= TASK PROMPT =
Below are entries; output exactly the lines from the one with "4) car [157,193,173,207]" to the one with "18) car [99,199,125,228]", both included, and nothing else.

= PROVIDED MATERIAL =

_ _ _ _ _ _ _

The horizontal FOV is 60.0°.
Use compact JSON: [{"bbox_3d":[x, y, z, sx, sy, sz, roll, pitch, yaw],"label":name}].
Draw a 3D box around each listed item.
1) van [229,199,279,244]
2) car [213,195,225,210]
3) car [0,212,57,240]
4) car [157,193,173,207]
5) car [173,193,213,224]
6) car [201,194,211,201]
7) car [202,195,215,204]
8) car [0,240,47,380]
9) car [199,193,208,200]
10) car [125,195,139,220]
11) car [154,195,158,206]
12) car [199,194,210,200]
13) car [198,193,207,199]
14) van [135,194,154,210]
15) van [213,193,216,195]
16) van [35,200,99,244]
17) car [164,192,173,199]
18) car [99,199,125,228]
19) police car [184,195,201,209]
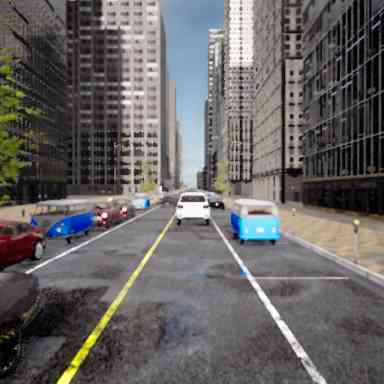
[{"bbox_3d":[2.686,1.251,14.939,1.690,1.788,3.998,0,0,0],"label":"van"},{"bbox_3d":[2.679,1.327,37.615,1.947,1.339,4.313,0,0,0],"label":"car"},{"bbox_3d":[-5.693,1.489,9.268,1.887,1.381,4.507,0,0,0],"label":"car"},{"bbox_3d":[-3.103,1.220,43.778,1.837,1.490,4.892,0,1,0],"label":"car"},{"bbox_3d":[0.084,1.079,23.414,2.150,2.045,5.566,0,1,0],"label":"car"},{"bbox_3d":[2.670,1.074,66.127,1.752,1.417,4.829,0,0,0],"label":"car"},{"bbox_3d":[2.674,1.202,54.620,1.947,1.339,4.313,0,0,0],"label":"car"},{"bbox_3d":[-3.100,1.531,2.686,2.033,1.411,5.357,0,0,0],"label":"car"},{"bbox_3d":[2.666,0.982,77.465,1.752,1.417,4.829,0,0,0],"label":"car"},{"bbox_3d":[-5.698,1.278,26.273,1.967,1.590,4.097,0,0,0],"label":"car"},{"bbox_3d":[-5.705,1.205,48.779,1.752,1.417,4.829,0,0,0],"label":"car"},{"bbox_3d":[2.668,1.056,71.625,2.008,1.369,4.403,0,0,0],"label":"car"},{"bbox_3d":[2.665,0.962,82.963,2.008,1.369,4.403,0,1,0],"label":"car"},{"bbox_3d":[-5.701,1.102,37.610,1.690,1.788,3.998,0,0,0],"label":"van"},{"bbox_3d":[2.676,1.020,48.950,1.690,1.788,3.998,0,0,0],"label":"van"},{"bbox_3d":[-5.694,1.251,14.936,1.690,1.788,3.998,0,0,0],"label":"van"},{"bbox_3d":[-5.715,0.851,82.958,1.967,1.590,4.097,0,0,0],"label":"car"},{"bbox_3d":[-5.696,1.315,20.605,1.967,1.590,4.097,0,0,0],"label":"car"},{"bbox_3d":[0.086,1.232,41.664,2.038,1.542,4.974,0,0,0],"label":"police car"}]

_ _ _ _ _ _ _

= REPLY =
4) car [157,193,173,207]
5) car [173,193,213,224]
6) car [201,194,211,201]
7) car [202,195,215,204]
8) car [0,240,47,380]
9) car [199,193,208,200]
10) car [125,195,139,220]
11) car [154,195,158,206]
12) car [199,194,210,200]
13) car [198,193,207,199]
14) van [135,194,154,210]
15) van [213,193,216,195]
16) van [35,200,99,244]
17) car [164,192,173,199]
18) car [99,199,125,228]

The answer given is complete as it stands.